● **DIRECTIONS**
Search the material for the string "equals", then show every line where it turns up.
**** MATERIALS PROVIDED
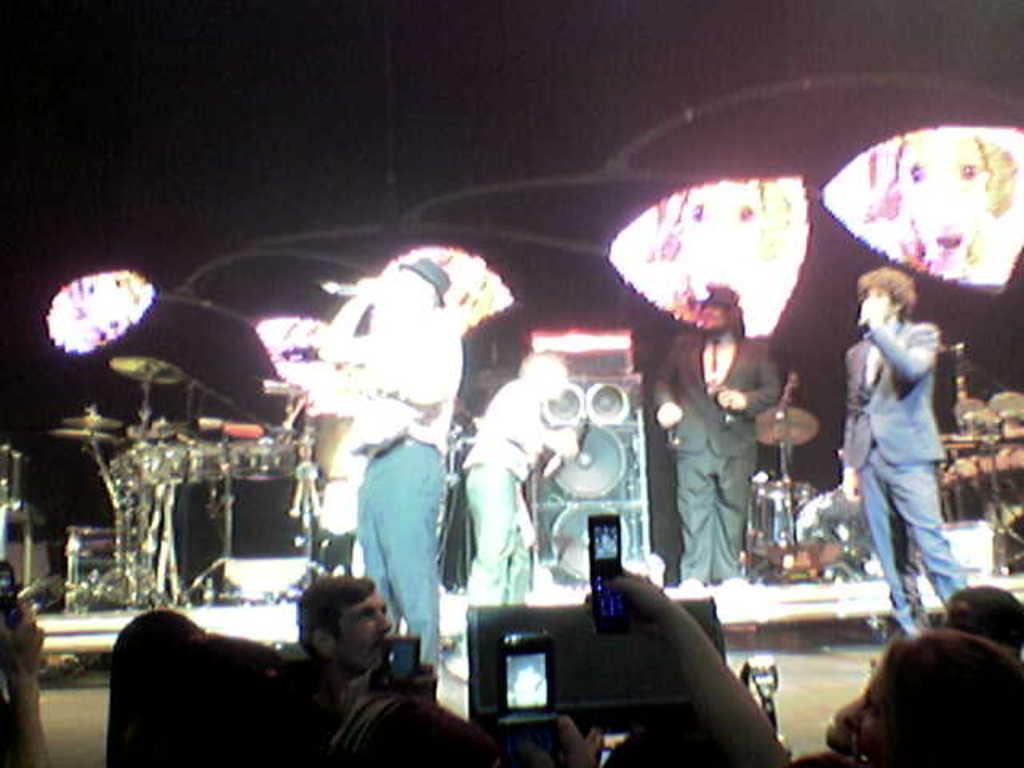Please provide a concise description of this image. In the image it looks like a concert there are a group of people performing on the stage, some of them are singing and behind them there are speakers and many musical instruments. The crowd standing in front of them are taking photographs and in the background there are different color lights. 
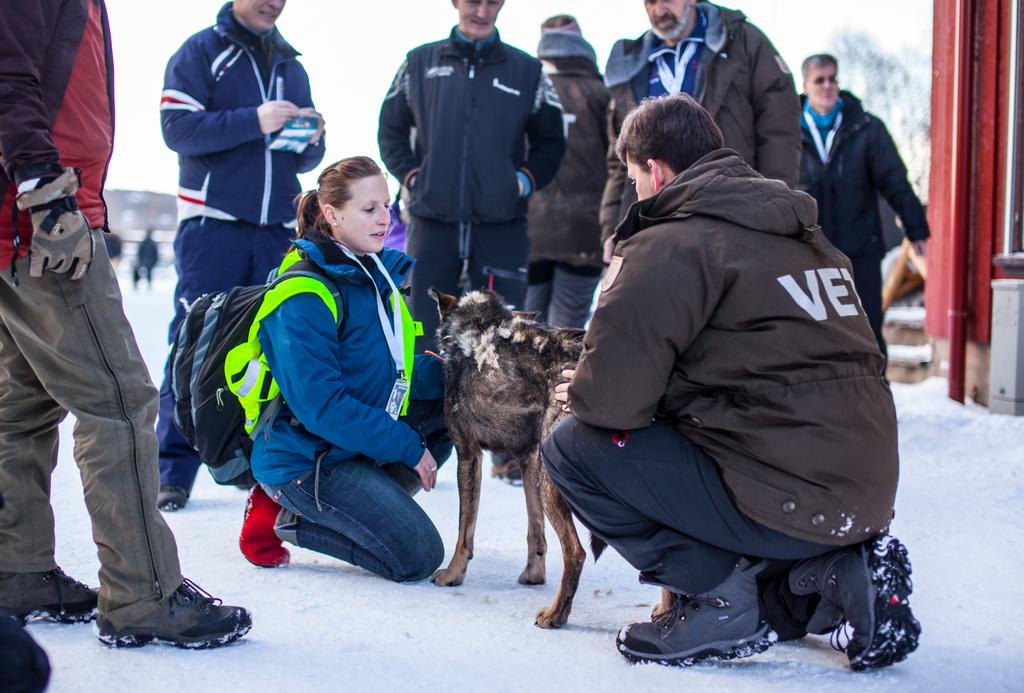How many people are in the image? There is a group of people in the image. What are the people in the image doing? Some people are seated on the ground, while others are standing. What animal is present in the image? There is a dog in the image. Where are the people and the dog located in the image? All the people and the dog are in the ice. Can you see any snakes wearing a crown in the image? There are no snakes or crowns present in the image; it features a group of people and a dog in the ice. 
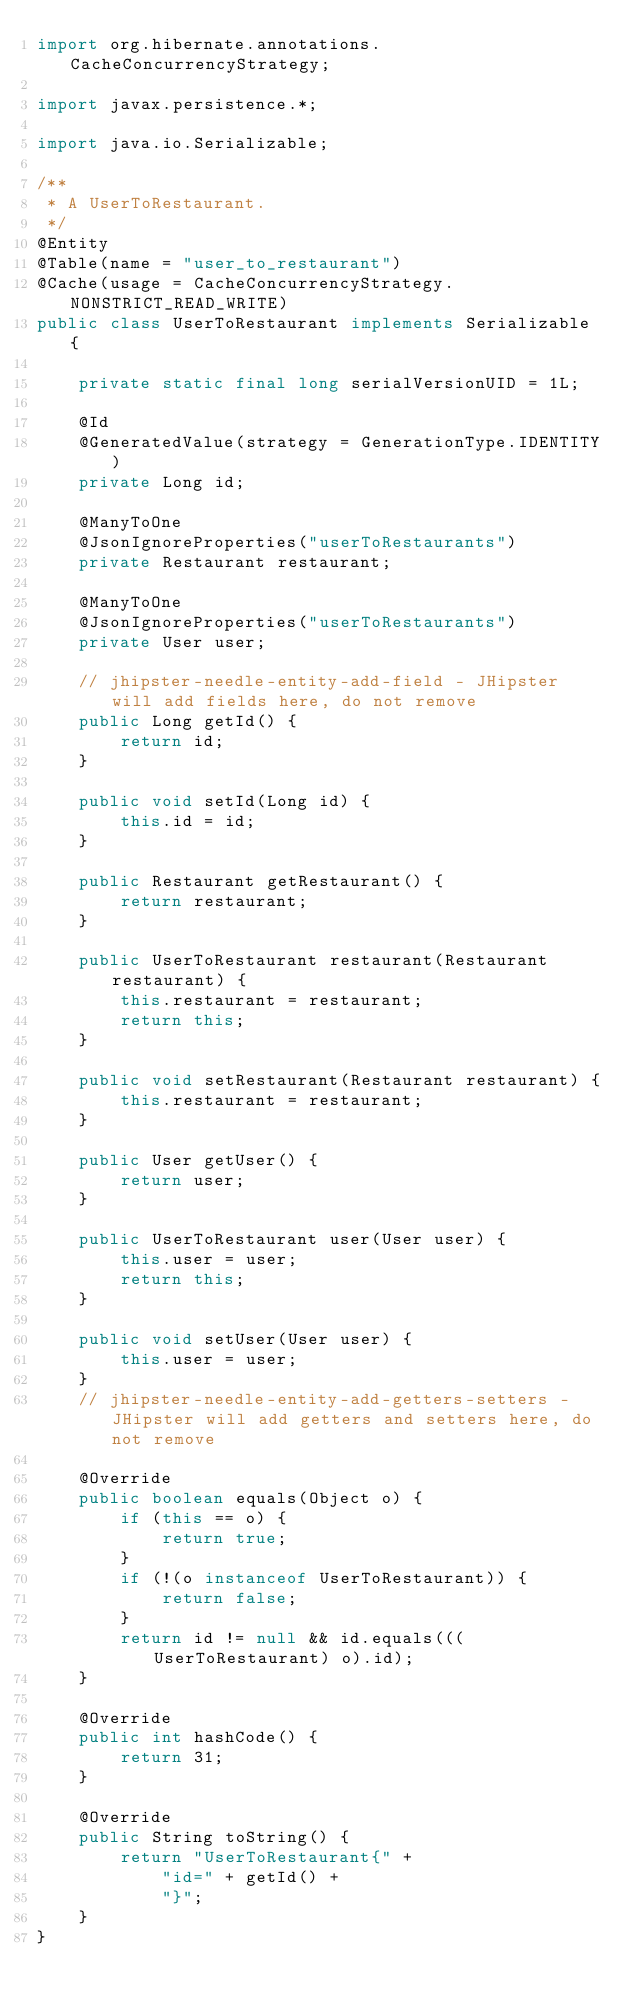Convert code to text. <code><loc_0><loc_0><loc_500><loc_500><_Java_>import org.hibernate.annotations.CacheConcurrencyStrategy;

import javax.persistence.*;

import java.io.Serializable;

/**
 * A UserToRestaurant.
 */
@Entity
@Table(name = "user_to_restaurant")
@Cache(usage = CacheConcurrencyStrategy.NONSTRICT_READ_WRITE)
public class UserToRestaurant implements Serializable {

    private static final long serialVersionUID = 1L;

    @Id
    @GeneratedValue(strategy = GenerationType.IDENTITY)
    private Long id;

    @ManyToOne
    @JsonIgnoreProperties("userToRestaurants")
    private Restaurant restaurant;

    @ManyToOne
    @JsonIgnoreProperties("userToRestaurants")
    private User user;

    // jhipster-needle-entity-add-field - JHipster will add fields here, do not remove
    public Long getId() {
        return id;
    }

    public void setId(Long id) {
        this.id = id;
    }

    public Restaurant getRestaurant() {
        return restaurant;
    }

    public UserToRestaurant restaurant(Restaurant restaurant) {
        this.restaurant = restaurant;
        return this;
    }

    public void setRestaurant(Restaurant restaurant) {
        this.restaurant = restaurant;
    }

    public User getUser() {
        return user;
    }

    public UserToRestaurant user(User user) {
        this.user = user;
        return this;
    }

    public void setUser(User user) {
        this.user = user;
    }
    // jhipster-needle-entity-add-getters-setters - JHipster will add getters and setters here, do not remove

    @Override
    public boolean equals(Object o) {
        if (this == o) {
            return true;
        }
        if (!(o instanceof UserToRestaurant)) {
            return false;
        }
        return id != null && id.equals(((UserToRestaurant) o).id);
    }

    @Override
    public int hashCode() {
        return 31;
    }

    @Override
    public String toString() {
        return "UserToRestaurant{" +
            "id=" + getId() +
            "}";
    }
}
</code> 
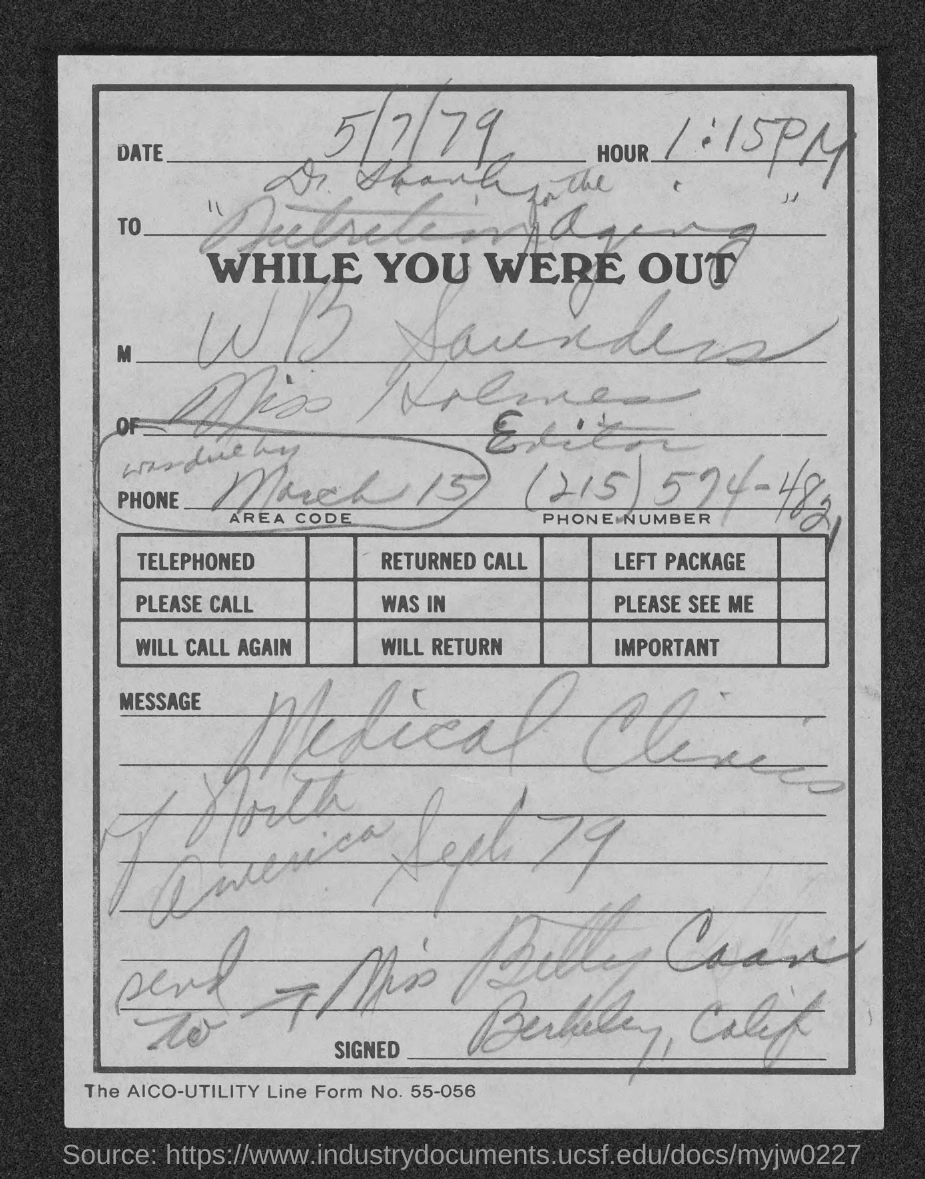What is the issued date of this document?
Keep it short and to the point. 5/7/79. What is the time/Hour given in the document?
Make the answer very short. 1:15 PM. What is the phone no mentioned in this document?
Provide a succinct answer. (215) 574-4821. 
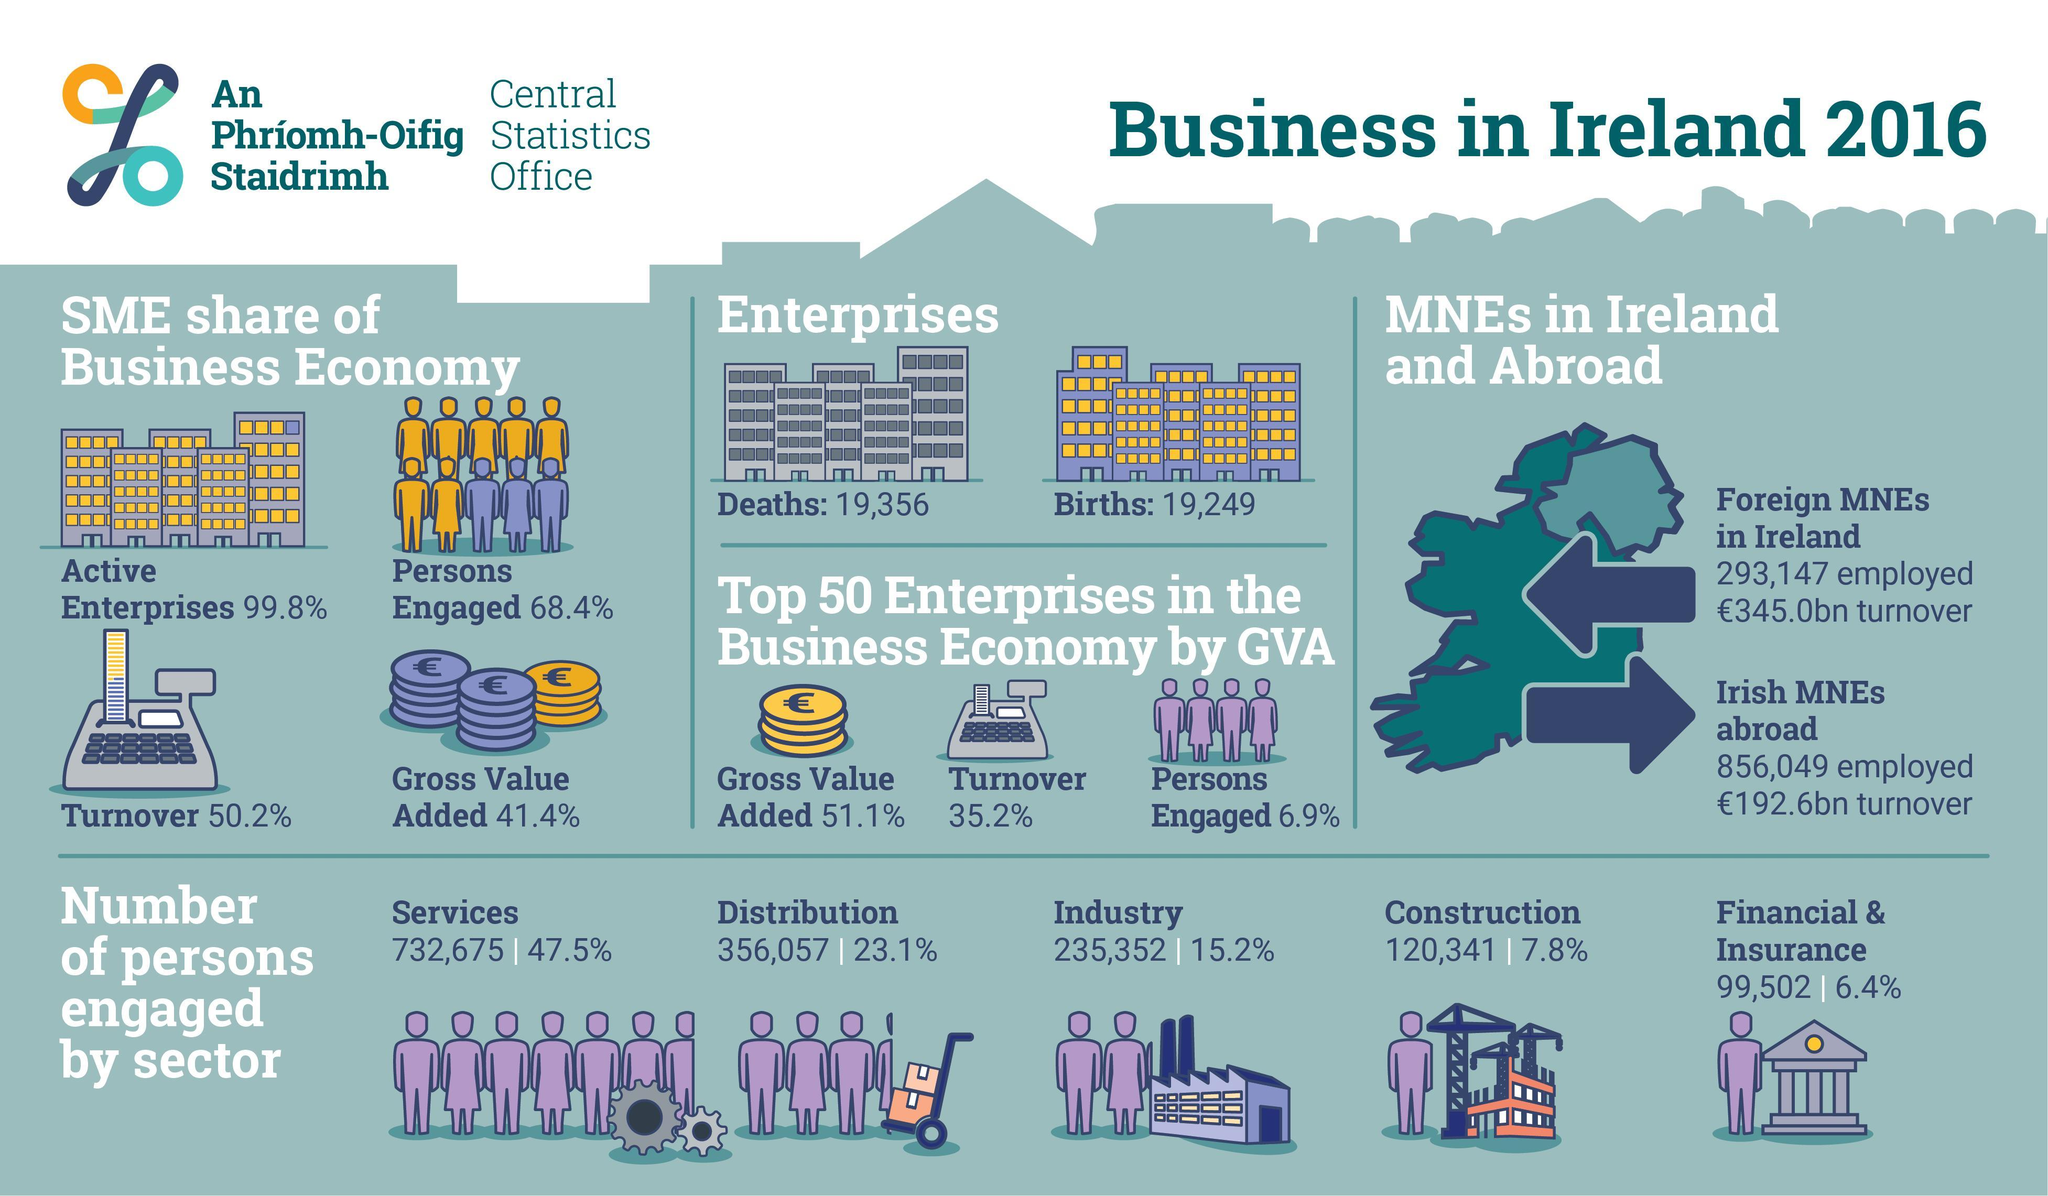in which sector is the third highest employee count
Answer the question with a short phrase. industry what is the difference between births and deaths of Enterprises 107 what is the number of people engaged in distribution and industry 591409 which MNE has a higher turnover Foreign MNEs in Ireland
********
● **EXERCISE RESPONSE**
    public boolean equals(Object o) {
        return id != null && id.equals(((UserToRestaurant) o).id);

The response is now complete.